This writing discloses at least the following Concepts.
Concept 1. A FinFET device comprising:
a substrate;
an epitaxial stack formed atop the substrate, comprising:
a plurality of gate electrodes that extend within the channel layer, the plurality of gate electrodes being arranged in a row;
a conducting layer connecting the plurality of gate electrodes to form a gate contact;
a source contact contacting the channel layer on one side of the row formed by the plurality of gate electrodes; and
a drain contact contacting the channel layer on the other side of the row formed by the plurality of gate electrodes.
Concept 2. The device of concept 1, wherein the substrate comprises a semi-insulating SiC substrate.
Concept 3. The device of concept 1 wherein the buffer layer comprises Al0.08Ga0.92N.
Concept 4. The device of concept 1, wherein the channel layer has a thickness of substantially 20 nm.

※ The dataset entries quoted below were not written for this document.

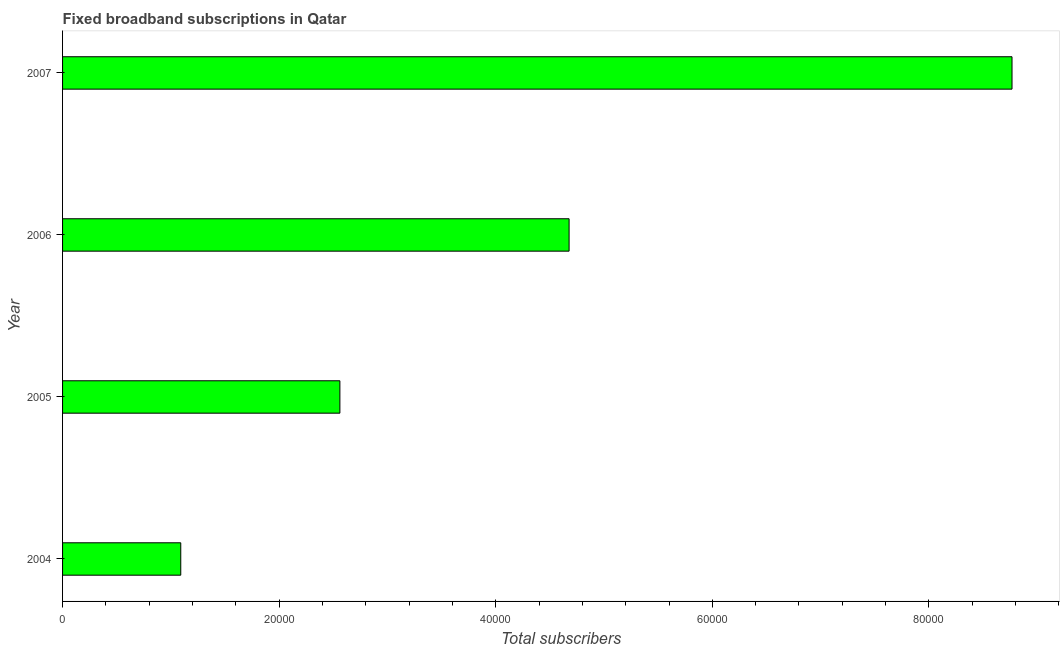Does the graph contain any zero values?
Your answer should be compact. No. Does the graph contain grids?
Keep it short and to the point. No. What is the title of the graph?
Ensure brevity in your answer.  Fixed broadband subscriptions in Qatar. What is the label or title of the X-axis?
Offer a very short reply. Total subscribers. What is the label or title of the Y-axis?
Provide a succinct answer. Year. What is the total number of fixed broadband subscriptions in 2006?
Keep it short and to the point. 4.68e+04. Across all years, what is the maximum total number of fixed broadband subscriptions?
Keep it short and to the point. 8.77e+04. Across all years, what is the minimum total number of fixed broadband subscriptions?
Give a very brief answer. 1.09e+04. What is the sum of the total number of fixed broadband subscriptions?
Offer a terse response. 1.71e+05. What is the difference between the total number of fixed broadband subscriptions in 2005 and 2007?
Provide a short and direct response. -6.21e+04. What is the average total number of fixed broadband subscriptions per year?
Give a very brief answer. 4.27e+04. What is the median total number of fixed broadband subscriptions?
Ensure brevity in your answer.  3.62e+04. In how many years, is the total number of fixed broadband subscriptions greater than 48000 ?
Your response must be concise. 1. Do a majority of the years between 2007 and 2004 (inclusive) have total number of fixed broadband subscriptions greater than 56000 ?
Keep it short and to the point. Yes. What is the ratio of the total number of fixed broadband subscriptions in 2005 to that in 2006?
Your answer should be compact. 0.55. Is the total number of fixed broadband subscriptions in 2004 less than that in 2005?
Give a very brief answer. Yes. What is the difference between the highest and the second highest total number of fixed broadband subscriptions?
Provide a succinct answer. 4.09e+04. What is the difference between the highest and the lowest total number of fixed broadband subscriptions?
Provide a succinct answer. 7.68e+04. In how many years, is the total number of fixed broadband subscriptions greater than the average total number of fixed broadband subscriptions taken over all years?
Your response must be concise. 2. How many bars are there?
Offer a very short reply. 4. Are all the bars in the graph horizontal?
Your answer should be compact. Yes. How many years are there in the graph?
Your answer should be compact. 4. What is the difference between two consecutive major ticks on the X-axis?
Your answer should be compact. 2.00e+04. What is the Total subscribers in 2004?
Make the answer very short. 1.09e+04. What is the Total subscribers in 2005?
Make the answer very short. 2.56e+04. What is the Total subscribers of 2006?
Offer a very short reply. 4.68e+04. What is the Total subscribers in 2007?
Provide a short and direct response. 8.77e+04. What is the difference between the Total subscribers in 2004 and 2005?
Give a very brief answer. -1.47e+04. What is the difference between the Total subscribers in 2004 and 2006?
Make the answer very short. -3.59e+04. What is the difference between the Total subscribers in 2004 and 2007?
Your answer should be very brief. -7.68e+04. What is the difference between the Total subscribers in 2005 and 2006?
Offer a terse response. -2.12e+04. What is the difference between the Total subscribers in 2005 and 2007?
Provide a short and direct response. -6.21e+04. What is the difference between the Total subscribers in 2006 and 2007?
Keep it short and to the point. -4.09e+04. What is the ratio of the Total subscribers in 2004 to that in 2005?
Offer a very short reply. 0.43. What is the ratio of the Total subscribers in 2004 to that in 2006?
Keep it short and to the point. 0.23. What is the ratio of the Total subscribers in 2004 to that in 2007?
Your answer should be very brief. 0.12. What is the ratio of the Total subscribers in 2005 to that in 2006?
Offer a terse response. 0.55. What is the ratio of the Total subscribers in 2005 to that in 2007?
Your answer should be compact. 0.29. What is the ratio of the Total subscribers in 2006 to that in 2007?
Make the answer very short. 0.53.

Concept 5. The device of concept 1, wherein the channel layer comprises a superlattice channel layer.
Concept 6. The device of concept 5, wherein the channel layer has a thickness of substantially 100 nm.
Concept 7. The device of concept 4, wherein the channel layer comprises GaN.
Concept 8. The device of concept 4, wherein the channel layer comprises InGaN.
Concept 9. The device of concept 1 wherein the cap layer has a thickness of substantially 2.5 nm.
Concept 10. The device of concept 9 wherein the cap layer comprises Al0.5Ga0.5N.
Concept 11. The device of concept 1, wherein the material forming the plurality of gate electrodes is boron-doped diamond.
Concept 12. The device of concept 1, wherein the material forming the plurality of gate electrodes is boron-doped silicon carbide.
Concept 13. The device of concept 1, further comprising a regrown AlGaN passivation layer formed in the channel layer around the gate electrodes.
Concept 14. The device of concept 1, wherein the gate electrodes are spaced from one to two depletion lengths for the heterojunction of the substrate and gate electrode materials.
Concept 15. The device of concept 14, wherein the gate electrode pitch is about 200 nm.
Concept 16. The device of concept 14, wherein the gate electrodes pass through the epitaxial stack.
Concept 17. The device of concept 1 wherein the conducting layer forming the gate contact is gold.
Concept 18. The device of concept 1 further comprising a corresponding plurality of isolation depressions formed on the epitaxial stack abutting the gate electrodes, and extend in a direction perpendicular to the row of gate electrodes.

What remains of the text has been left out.